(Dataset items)

- - - - - - -

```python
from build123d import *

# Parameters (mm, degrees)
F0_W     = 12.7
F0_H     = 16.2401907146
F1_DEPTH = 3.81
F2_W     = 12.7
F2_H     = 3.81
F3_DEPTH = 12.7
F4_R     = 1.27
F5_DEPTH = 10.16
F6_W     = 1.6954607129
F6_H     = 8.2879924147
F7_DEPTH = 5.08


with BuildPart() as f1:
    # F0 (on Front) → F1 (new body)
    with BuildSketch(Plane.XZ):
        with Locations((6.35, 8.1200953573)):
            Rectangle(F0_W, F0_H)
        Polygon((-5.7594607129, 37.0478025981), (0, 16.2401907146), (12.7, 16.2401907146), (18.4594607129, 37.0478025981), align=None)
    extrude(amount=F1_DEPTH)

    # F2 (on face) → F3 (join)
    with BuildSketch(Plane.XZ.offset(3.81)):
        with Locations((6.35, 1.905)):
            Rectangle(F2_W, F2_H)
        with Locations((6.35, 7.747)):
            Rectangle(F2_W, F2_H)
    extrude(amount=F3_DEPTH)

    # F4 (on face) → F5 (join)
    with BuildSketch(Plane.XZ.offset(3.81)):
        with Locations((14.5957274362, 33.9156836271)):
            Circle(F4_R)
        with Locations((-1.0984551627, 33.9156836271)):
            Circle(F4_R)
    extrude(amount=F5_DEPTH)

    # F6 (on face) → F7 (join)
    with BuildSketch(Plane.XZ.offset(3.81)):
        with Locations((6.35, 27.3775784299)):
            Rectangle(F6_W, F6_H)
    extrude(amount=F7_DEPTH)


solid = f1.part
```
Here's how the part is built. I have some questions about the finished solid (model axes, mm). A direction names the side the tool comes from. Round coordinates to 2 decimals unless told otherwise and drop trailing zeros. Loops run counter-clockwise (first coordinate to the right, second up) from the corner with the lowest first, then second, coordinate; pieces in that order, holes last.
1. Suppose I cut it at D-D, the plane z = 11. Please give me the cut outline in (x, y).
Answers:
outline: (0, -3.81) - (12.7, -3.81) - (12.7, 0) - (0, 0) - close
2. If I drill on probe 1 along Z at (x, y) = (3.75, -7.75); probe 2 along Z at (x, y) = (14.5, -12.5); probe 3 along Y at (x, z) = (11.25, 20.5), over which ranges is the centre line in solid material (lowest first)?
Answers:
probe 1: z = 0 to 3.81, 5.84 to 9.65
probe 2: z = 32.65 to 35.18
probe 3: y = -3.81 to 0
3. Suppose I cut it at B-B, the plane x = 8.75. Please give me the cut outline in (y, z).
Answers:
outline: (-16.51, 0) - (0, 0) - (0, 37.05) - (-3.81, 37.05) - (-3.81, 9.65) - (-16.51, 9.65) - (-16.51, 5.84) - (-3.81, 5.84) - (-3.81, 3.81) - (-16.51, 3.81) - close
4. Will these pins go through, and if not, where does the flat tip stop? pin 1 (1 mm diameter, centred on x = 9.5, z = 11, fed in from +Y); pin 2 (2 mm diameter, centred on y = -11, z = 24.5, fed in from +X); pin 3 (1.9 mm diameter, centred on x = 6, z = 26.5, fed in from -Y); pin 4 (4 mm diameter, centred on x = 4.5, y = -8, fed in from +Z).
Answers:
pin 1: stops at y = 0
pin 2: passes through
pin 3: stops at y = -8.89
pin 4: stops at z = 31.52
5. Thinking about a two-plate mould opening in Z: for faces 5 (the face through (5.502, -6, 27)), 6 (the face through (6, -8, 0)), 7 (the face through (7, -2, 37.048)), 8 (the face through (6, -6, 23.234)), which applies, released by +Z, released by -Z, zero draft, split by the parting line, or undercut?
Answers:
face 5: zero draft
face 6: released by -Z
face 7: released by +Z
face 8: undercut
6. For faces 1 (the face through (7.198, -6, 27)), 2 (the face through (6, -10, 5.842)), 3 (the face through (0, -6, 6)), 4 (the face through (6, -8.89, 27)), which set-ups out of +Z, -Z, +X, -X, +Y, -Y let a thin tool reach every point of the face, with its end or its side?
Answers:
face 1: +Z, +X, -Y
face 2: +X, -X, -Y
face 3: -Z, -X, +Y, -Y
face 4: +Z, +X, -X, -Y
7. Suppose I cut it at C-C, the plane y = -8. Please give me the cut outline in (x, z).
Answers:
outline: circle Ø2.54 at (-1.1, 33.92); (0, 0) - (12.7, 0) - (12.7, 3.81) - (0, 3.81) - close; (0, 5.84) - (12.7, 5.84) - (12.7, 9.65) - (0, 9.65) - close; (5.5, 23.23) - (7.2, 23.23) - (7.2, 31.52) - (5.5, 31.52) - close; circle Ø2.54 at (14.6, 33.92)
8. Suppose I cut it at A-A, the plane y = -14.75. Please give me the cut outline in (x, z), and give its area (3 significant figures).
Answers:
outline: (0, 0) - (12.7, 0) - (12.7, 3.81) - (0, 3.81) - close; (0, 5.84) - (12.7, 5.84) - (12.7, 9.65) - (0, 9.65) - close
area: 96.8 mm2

- - - - - - -

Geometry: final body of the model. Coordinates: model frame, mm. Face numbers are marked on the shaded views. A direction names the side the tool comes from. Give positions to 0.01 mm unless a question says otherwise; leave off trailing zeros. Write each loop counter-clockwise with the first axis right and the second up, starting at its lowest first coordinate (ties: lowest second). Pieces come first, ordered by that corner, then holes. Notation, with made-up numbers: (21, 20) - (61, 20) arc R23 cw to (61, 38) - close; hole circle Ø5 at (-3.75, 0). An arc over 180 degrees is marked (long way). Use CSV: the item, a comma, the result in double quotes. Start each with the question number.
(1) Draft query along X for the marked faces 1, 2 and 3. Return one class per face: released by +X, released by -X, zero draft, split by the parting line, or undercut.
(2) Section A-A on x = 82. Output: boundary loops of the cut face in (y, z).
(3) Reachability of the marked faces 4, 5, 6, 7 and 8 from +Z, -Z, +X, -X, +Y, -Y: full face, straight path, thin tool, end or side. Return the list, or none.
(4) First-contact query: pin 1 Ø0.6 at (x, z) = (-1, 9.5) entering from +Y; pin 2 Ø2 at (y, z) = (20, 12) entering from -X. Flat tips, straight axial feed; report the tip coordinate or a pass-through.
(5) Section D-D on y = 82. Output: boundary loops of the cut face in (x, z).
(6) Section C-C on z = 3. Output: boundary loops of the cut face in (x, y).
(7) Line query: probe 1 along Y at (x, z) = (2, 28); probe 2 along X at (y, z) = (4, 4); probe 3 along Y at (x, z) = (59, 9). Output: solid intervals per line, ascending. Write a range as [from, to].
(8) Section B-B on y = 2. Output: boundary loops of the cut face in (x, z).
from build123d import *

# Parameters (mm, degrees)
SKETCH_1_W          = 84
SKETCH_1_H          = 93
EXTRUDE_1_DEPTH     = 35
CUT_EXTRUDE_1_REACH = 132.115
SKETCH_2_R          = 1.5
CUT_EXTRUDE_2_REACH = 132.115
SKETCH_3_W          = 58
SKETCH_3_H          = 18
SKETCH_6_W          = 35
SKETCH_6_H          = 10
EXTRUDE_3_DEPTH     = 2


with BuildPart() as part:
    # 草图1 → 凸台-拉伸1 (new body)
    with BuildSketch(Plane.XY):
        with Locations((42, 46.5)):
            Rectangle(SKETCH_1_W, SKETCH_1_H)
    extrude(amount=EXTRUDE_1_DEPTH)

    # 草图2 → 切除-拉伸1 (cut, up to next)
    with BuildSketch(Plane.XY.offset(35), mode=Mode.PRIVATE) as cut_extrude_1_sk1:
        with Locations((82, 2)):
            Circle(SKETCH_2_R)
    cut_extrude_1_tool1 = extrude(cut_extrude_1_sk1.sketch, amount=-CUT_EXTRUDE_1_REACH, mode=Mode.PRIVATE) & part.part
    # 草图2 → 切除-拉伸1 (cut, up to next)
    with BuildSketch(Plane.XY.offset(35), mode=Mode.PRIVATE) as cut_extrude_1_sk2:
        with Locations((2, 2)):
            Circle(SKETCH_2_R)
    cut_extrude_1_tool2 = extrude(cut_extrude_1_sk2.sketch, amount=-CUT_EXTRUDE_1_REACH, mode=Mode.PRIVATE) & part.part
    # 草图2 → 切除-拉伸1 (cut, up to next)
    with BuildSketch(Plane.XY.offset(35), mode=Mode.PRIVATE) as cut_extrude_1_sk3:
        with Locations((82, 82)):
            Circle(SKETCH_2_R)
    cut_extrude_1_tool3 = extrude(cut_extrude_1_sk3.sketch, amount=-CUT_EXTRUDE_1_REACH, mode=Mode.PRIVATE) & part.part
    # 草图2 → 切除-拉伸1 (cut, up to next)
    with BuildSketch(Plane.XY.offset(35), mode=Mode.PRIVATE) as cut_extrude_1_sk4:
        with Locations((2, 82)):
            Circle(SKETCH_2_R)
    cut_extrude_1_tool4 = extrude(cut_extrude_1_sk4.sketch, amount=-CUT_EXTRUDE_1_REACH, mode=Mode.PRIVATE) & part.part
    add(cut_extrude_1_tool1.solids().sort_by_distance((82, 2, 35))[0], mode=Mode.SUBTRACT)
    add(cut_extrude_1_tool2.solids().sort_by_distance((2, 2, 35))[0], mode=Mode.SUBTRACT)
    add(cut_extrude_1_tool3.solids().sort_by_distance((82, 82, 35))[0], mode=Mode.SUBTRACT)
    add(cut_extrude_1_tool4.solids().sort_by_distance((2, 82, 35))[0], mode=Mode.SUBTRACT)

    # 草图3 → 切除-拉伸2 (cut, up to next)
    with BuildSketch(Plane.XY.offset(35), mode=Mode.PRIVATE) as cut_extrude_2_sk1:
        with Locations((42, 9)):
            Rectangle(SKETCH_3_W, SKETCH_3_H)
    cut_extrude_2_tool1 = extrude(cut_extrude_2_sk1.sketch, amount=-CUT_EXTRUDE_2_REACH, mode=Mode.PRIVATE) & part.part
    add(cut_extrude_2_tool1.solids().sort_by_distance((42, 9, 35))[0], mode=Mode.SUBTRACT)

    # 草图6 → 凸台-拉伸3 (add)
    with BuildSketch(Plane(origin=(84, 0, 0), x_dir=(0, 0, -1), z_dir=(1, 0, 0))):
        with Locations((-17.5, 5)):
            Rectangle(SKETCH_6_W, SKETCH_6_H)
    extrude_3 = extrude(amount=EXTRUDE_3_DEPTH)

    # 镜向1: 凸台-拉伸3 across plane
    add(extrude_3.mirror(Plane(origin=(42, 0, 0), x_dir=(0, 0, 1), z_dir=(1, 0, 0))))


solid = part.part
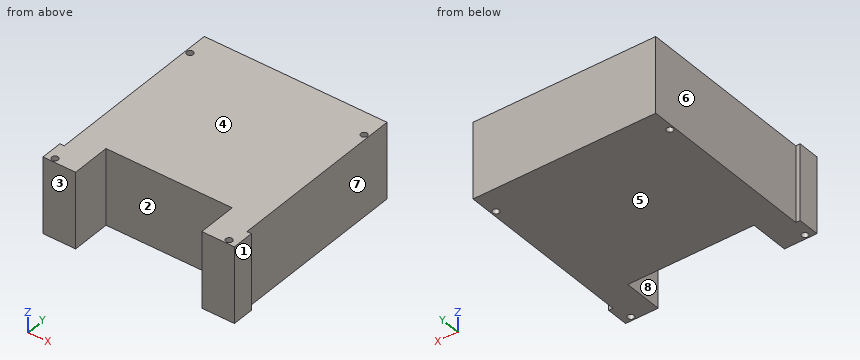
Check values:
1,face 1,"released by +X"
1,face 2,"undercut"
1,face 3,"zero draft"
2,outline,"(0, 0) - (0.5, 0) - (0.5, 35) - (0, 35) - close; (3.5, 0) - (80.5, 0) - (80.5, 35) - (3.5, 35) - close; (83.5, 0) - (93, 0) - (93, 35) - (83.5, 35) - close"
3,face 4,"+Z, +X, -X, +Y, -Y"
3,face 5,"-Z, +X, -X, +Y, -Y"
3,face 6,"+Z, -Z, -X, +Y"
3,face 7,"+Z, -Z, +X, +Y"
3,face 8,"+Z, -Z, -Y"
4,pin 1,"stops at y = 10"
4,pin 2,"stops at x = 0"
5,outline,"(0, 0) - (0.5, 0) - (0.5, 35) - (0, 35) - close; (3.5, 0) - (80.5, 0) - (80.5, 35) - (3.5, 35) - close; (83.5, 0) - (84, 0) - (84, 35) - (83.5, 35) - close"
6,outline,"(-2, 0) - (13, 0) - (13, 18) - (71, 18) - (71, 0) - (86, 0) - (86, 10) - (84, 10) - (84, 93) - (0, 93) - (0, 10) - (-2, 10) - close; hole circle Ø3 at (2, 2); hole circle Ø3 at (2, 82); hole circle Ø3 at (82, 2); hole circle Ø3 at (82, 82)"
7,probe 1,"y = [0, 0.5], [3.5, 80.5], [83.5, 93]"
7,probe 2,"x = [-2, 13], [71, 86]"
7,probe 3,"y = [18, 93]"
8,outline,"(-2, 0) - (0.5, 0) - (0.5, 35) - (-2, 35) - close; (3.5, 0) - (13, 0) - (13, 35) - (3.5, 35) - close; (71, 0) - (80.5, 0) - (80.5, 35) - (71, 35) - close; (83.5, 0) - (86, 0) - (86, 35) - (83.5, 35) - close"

- - - - - - -

■ **Task directions**: For each line in the records that holds "Suppose", show that line as it stands.

■ **Completed exercise**:
1. Suppose I cut it at D-D, the plane z = 11. Please give me the cut outline in (x, y).
3. Suppose I cut it at B-B, the plane x = 8.75. Please give me the cut outline in (y, z).
7. Suppose I cut it at C-C, the plane y = -8. Please give me the cut outline in (x, z).
8. Suppose I cut it at A-A, the plane y = -14.75. Please give me the cut outline in (x, z), and give its area (3 significant figures).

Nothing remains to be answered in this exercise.